16.00-17.00 (followed by drinks), Science Park 904, room C1.112
Speakers: Karina van Dalen-Oskam en Piek Vossen.
Under the CCCT umbrella, researchers from the humanities, the social and behavioral sciences, and the natural sciences collaborate in a multidisciplinary setting on information-rich research topics. CCCT is organizing a bi-monthly seminar in which one of the three faculties hosts speakers from the other two to report on research activities that are of shared interest.
Speaker: Karina van Dalen-Oskam (Huygens Institute for the History of the Netherlands / UvA)
Title: The Analysis of Literary Texts: Mixed Methods
Until recently, a large part of digital humanities research on literary texts dealt with authorship attribution. Since more and more literary scholars have started using computational methods, the attention is now shifting from authorship to stylistic analysis of literary works. Existing methods for authorship attribution can be used for stylistic analysis, but sometimes they need to be adapted and usually they have to be supplemented with other methods and tools. And certain kinds of authroship attribution tools are not useful at all to find out in which ways authors but also texts, genres, or texts from certain time periods differ from each other. The talk will deal with these topics using as example the research project The Riddle of Literary Quality (http://literaryquality.huygens.knaw.nl/) from the Computational Humanities Program of the Royal Netherlands Academy of Arts and Sciences (KNAW, eHUmanities Group). An important part of this project (and reflecting one of it’s mixed methods) is a large online enquiry gathering readers’opnions on modern fiction at http://www.hetnationalelezersonderzoek.nl/ which all attendants are kindly invited to visit beforehand.

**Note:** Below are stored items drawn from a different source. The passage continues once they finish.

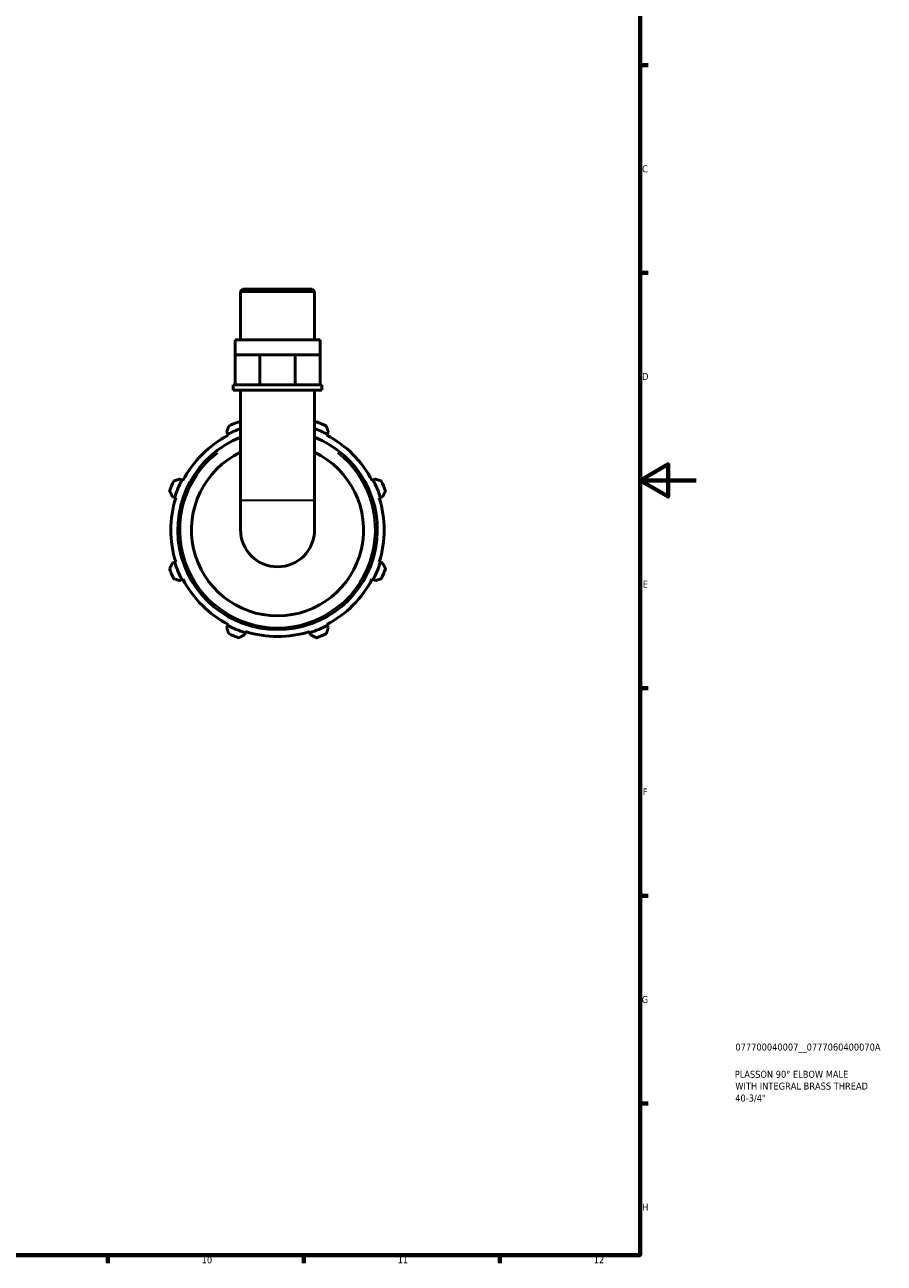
# Model space of a CAD drawing. Header units: millimetres. Extents: x 0 to 908, y 0 to 920.
# Tile 3 of 6: x 601 to 908, y 17 to 460. Entities that reach past the tile are written whole.
import ezdxf

# ---------------------------------------------------------------- set-up
doc = ezdxf.new("R2010")
doc.units = ezdxf.units.MM
for name, color, linetype, lineweight in [('Border (ISO)', 7, 'Continuous', 70), ('Title (ISO)', 7, 'Continuous', 50), ('Visible (ISO)', 7, 'Continuous', 50), ('Visible Narrow (ISO)', 7, 'Continuous', 35)]:
    doc.layers.add(name, color=color, linetype=linetype, lineweight=lineweight)
doc.styles.add('Note Text (ISO)', font='tahoma.ttf')

# ---------------------------------------------------------------- blocks, each defined once
blk = doc.blocks.new('Borders Default Border')
at = {"layer": 'Border (ISO)'}
for p, q in [((821, 445.5), (823.9, 445.5)), ((821, 371.25), (823.9, 371.25)), ((821, 222.75), (823.9, 222.75)), ((821, 148.5), (823.9, 148.5)), ((821, 74.25), (823.9, 74.25)), ((630.75, 20), (630.75, 17.1)), ((700.83, 20), (700.83, 17.1)), ((770.92, 20), (770.92, 17.1))]:
    blk.add_line(p, q, dxfattribs=at)
at = {"layer": 'Border (ISO)', "flags": 128}
for points in [[(20, 20), (20, 574), (821, 574), (821, 20), (20, 20)], [(841, 297), (821, 297), (831, 302.77), (831, 291.23), (821, 297)]]:
    blk.add_lwpolyline(points, dxfattribs=at)
at = {"layer": 'Border (ISO)', "color": 232, "true_color": 0xca0064, "char_height": 2.5, "attachment_point": 7, "style": 'Note Text (ISO)'}
for s, insert in [('C', (821.73, 407.08)), ('D', (821.73, 332.88)), ('E', (821.94, 258.63)), ('F', (822, 184.38)), ('G', (821.61, 110.08)), ('H', (821.74, 35.88)), ('10', (664.29, 17.05)), ('11', (734.37, 17.1)), ('12', (804.46, 17.1))]:
    blk.add_mtext(s, dxfattribs=dict(at, insert=insert))
blk = doc.blocks.new('Title Blocks ISO')
at = {"layer": 'Title (ISO)', "color": 232, "true_color": 0xca0064, "style": 'Note Text (ISO)'}
for tag, p in [('PART_NUMBER_001', (34.08, 73.14)), ('DESCRIPTION_001', (33.84, 63.4)), ('DESCRIPTION_002', (34.05, 59.19)), ('DESCRIPTION_003', (34.02, 54.91))]:
    blk.add_attdef(tag, p, '', height=2.5, dxfattribs=at)

msp = doc.modelspace()

# ---------------------------------------------------------------- linework, layer by layer
at = {"layer": 'Visible (ISO)'}
for p, q in [((678.984, 365.306), (678.191, 364.513)), ((678.191, 347.306), (678.191, 364.513)), ((704.632, 364.513), (678.191, 364.513)), ((678.984, 365.306), (703.839, 365.306)), ((703.839, 365.306), (704.632, 364.513)), ((704.632, 347.306), (704.632, 364.513)), ((706.615, 347.306), (676.208, 347.306)), ((676.208, 341.906), (676.208, 347.306)), ((706.615, 341.906), (706.615, 347.306)), ((676.208, 341.906), (680.661, 341.906)), ((676.208, 331.106), (676.208, 341.906)), ((680.661, 341.906), (685.114, 341.906)), ((685.114, 341.906), (691.411, 341.906)), ((685.114, 331.106), (685.114, 341.906)), ((691.411, 341.906), (697.709, 341.906)), ((697.709, 341.906), (702.162, 341.906)), ((697.709, 331.106), (697.709, 341.906)), ((702.162, 341.906), (706.615, 341.906)), ((706.615, 331.106), (706.615, 341.906)), ((676.208, 331.106), (675.547, 331.106)), ((675.547, 329.306), (675.547, 331.106)), ((707.276, 329.306), (675.547, 329.306)), ((677.456, 331.106), (676.208, 331.106)), ((683.865, 331.106), (677.456, 331.106)), ((678.191, 329.306), (678.191, 289.882)), ((685.114, 331.106), (683.865, 331.106)), ((686.88, 331.106), (685.114, 331.106)), ((695.943, 331.106), (686.88, 331.106)), ((697.709, 331.106), (695.943, 331.106)), ((698.957, 331.106), (697.709, 331.106)), ((705.366, 331.106), (698.957, 331.106)), ((704.632, 329.306), (704.632, 289.882)), ((706.615, 331.106), (705.366, 331.106)), ((707.276, 331.106), (706.615, 331.106)), ((707.276, 329.306), (707.276, 331.106)), ((673.237, 314.219), (673.616, 313.491)), ((673.616, 313.491), (673.805, 313.128)), ((709.018, 313.128), (709.207, 313.491)), ((709.207, 313.491), (709.586, 314.219)), ((657.226, 297.102), (656.499, 297.48)), ((657.59, 296.912), (657.226, 297.102)), ((725.597, 297.102), (725.233, 296.912)), ((726.324, 297.48), (725.597, 297.102)), ((653.873, 291.142), (654.655, 290.895)), ((654.655, 290.895), (655.046, 290.772)), ((678.191, 289.882), (678.191, 279.306)), ((704.632, 279.306), (704.632, 289.882)), ((727.777, 290.772), (728.168, 290.895)), ((728.168, 290.895), (728.95, 291.142)), ((654.655, 267.717), (653.873, 267.47)), ((655.046, 267.84), (654.655, 267.717)), ((728.168, 267.717), (727.777, 267.84)), ((728.95, 267.47), (728.168, 267.717)), ((656.499, 261.132), (657.226, 261.51)), ((657.226, 261.51), (657.59, 261.7)), ((725.233, 261.7), (725.597, 261.51)), ((725.597, 261.51), (726.324, 261.132)), ((673.616, 245.121), (673.237, 244.393)), ((673.805, 245.484), (673.616, 245.121)), ((709.207, 245.121), (709.018, 245.484)), ((709.586, 244.393), (709.207, 245.121)), ((679.576, 241.768), (679.822, 242.55)), ((679.822, 242.55), (679.945, 242.941)), ((702.877, 242.941), (703.001, 242.55)), ((703.001, 242.55), (703.247, 241.768))]:
    msp.add_line(p, q, dxfattribs=at)
for radius, start, end in [(38.54, 110.06178, 117.5), (41, 109.79198, 115.20802), (38.54, 62.5, 69.93822), (41, 64.79198, 70.20802), (35.67, 111.7547, 68.2453), (38.13, 117.5, 152.5), (38.13, 27.5, 62.5), (30.75, 115.46343, 64.53657), (41, 154.79198, 160.20802), (38.54, 152.5, 162.5), (38.54, 17.5, 27.5), (41, 19.79198, 25.20802), (38.13, 162.5, 197.5), (38.13, 342.5, 17.5), (13.22, 180, 0), (38.54, 197.5, 207.5), (38.54, 332.5, 342.5), (41, 199.79198, 205.20802), (38.13, 207.5, 242.5), (38.13, 297.5, 332.5), (41, 334.79198, 340.20802), (38.54, 242.5, 252.5), (38.54, 287.5, 297.5), (41, 244.79198, 250.20802), (38.13, 252.5, 287.5), (41, 289.79198, 295.20802)]:
    msp.add_arc((691.411, 279.306), radius, start, end, dxfattribs=at)
for points, weights in [([(673.949, 316.401), (673.586, 315.288), (673.237, 314.219)], [1.01785635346, 1.01261861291, 1.00658545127]), ([(678.191, 317.548), (677.862, 317.715), (677.528, 317.884)], [1.01441938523, 1.01617867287, 1.01785635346]), ([(705.294, 317.884), (704.961, 317.715), (704.632, 317.548)], [1.01785635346, 1.01617867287, 1.01441938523]), ([(709.586, 314.219), (709.237, 315.288), (708.873, 316.401)], [1.00658545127, 1.01261861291, 1.01785635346]), ([(656.499, 297.48), (655.429, 297.132), (654.316, 296.768)], [1.00658545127, 1.01261861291, 1.01785635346]), ([(728.507, 296.768), (727.393, 297.132), (726.324, 297.48)], [1.01785635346, 1.01261861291, 1.00658545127]), ([(652.833, 293.189), (653.364, 292.144), (653.873, 291.142)], [1.01785635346, 1.01261861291, 1.00658545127]), ([(728.95, 291.142), (729.459, 292.144), (729.989, 293.189)], [1.00658545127, 1.01261861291, 1.01785635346]), ([(653.873, 267.47), (653.364, 266.468), (652.833, 265.423)], [1.00658545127, 1.01261861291, 1.01785635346]), ([(729.989, 265.423), (729.459, 266.468), (728.95, 267.47)], [1.01785635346, 1.01261861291, 1.00658545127]), ([(654.316, 261.844), (655.429, 261.48), (656.499, 261.132)], [1.01785635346, 1.01261861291, 1.00658545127]), ([(726.324, 261.132), (727.393, 261.48), (728.507, 261.844)], [1.00658545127, 1.01261861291, 1.01785635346]), ([(673.237, 244.393), (673.586, 243.324), (673.949, 242.211)], [1.00658545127, 1.01261861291, 1.01785635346]), ([(708.873, 242.211), (709.237, 243.324), (709.586, 244.393)], [1.01785635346, 1.01261861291, 1.00658545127]), ([(677.528, 240.728), (678.573, 241.258), (679.576, 241.768)], [1.01785635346, 1.01261861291, 1.00658545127]), ([(703.247, 241.768), (704.25, 241.258), (705.294, 240.728)], [1.00658545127, 1.01261861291, 1.01785635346])]:
    msp.add_rational_spline(points, weights, degree=2, dxfattribs=at)
at = {"layer": 'Visible Narrow (ISO)'}
msp.add_line((678.354, 289.882), (704.469, 289.882), dxfattribs=at)
msp.add_arc((691.411, 279.306), 34.87, 128.0522, 51.9478, dxfattribs=at)

# ---------------------------------------------------------------- block references
msp.add_blockref('Borders Default Border', (0, 0))
msp.add_blockref('Title Blocks ISO', (821, 20)).add_auto_attribs({'PART_NUMBER_001': '077700040007__0777060400070A', 'DESCRIPTION_001': 'PLASSON 90° ELBOW MALE', 'DESCRIPTION_002': 'WITH INTEGRAL BRASS THREAD', 'DESCRIPTION_003': '40-3/4"'})

doc.saveas('drawing.dxf')

Speaker: Piek Vossen (Computational Lexicology, Faculty of Arts, VU)
Title: Do big data hide or reveal stories? Processing large streams of news in the NewsReader project.
Abstract: The FP7 project NewsReader develops technology to process vast amounts of daily news stream to determine who did what when and where. The result is stored in a Knowledge Store that accumulates sequences of events, adding all new information to whatever has been stored in the past. Over time, this knowledge store captures complex histories such as the financial crisis as it has been told in the news. Since the system also captures the provenance of the information, it is possible to demonstrate different versions of such histories according to the different sources.
Date and Time: Friday 24 May 2013, 16.00-17.00 (followed by drinks)
Science Park, room: C1.112
Science Park 904
1098 XH Amsterdam
Karina van Dalen-Oskam is research leader of the department of Textual Scholarship & Literary Studies at the Huygens Institute for the History of the Netherlands and professor of Computational Literary Studies at the University of Amsterdam. Her research focuses on the analysis of literary style making use of digital corpora and computational methods. More information and a list of her publications can be found at http://www.huygens.knaw.nl/en/vandalen/
Piek Vossen has a B.A. and a Ph.D. at the University of Amsterdam in the field of computational lexicology and Natural Language Processing. He started his carrier in 1986 at the University of Amsterdam. In 1999, he joined Sail-Labs as a senior researcher and manager, where he worked for almost 2 years on the development of tools for exploiting multilingual wordnets in information retrieval and classification. In 2001, he became the CTO of Irion Technologies (Delft), where he was responsible for the development of advanced cross-lingual information systems based on language technology. Since April 2007, he is a Professor at the Faculty of Arts of the Vrije Universiteit van Amsterdam.
During the 90’s, Vossen coordinated the EuroWordNet project that resulted in a unique cross-lingual wordnet database for 8 European languages. He is also the co-founder and co-president of the Global Wordnet Association in which this model has been expanded to many more languages in the world. More recently, he leads projects that develop technology in the area of knowledge-acquisition, text-mining and information systems that exploit the wordnet models. Typically, these projects aim at processing natural language texts in different languages using a shared semantic model resulting in compatible interpretations of text across these languages. In the most recent project, NewsReader, this approach is used to record long-term histories of events in news articles.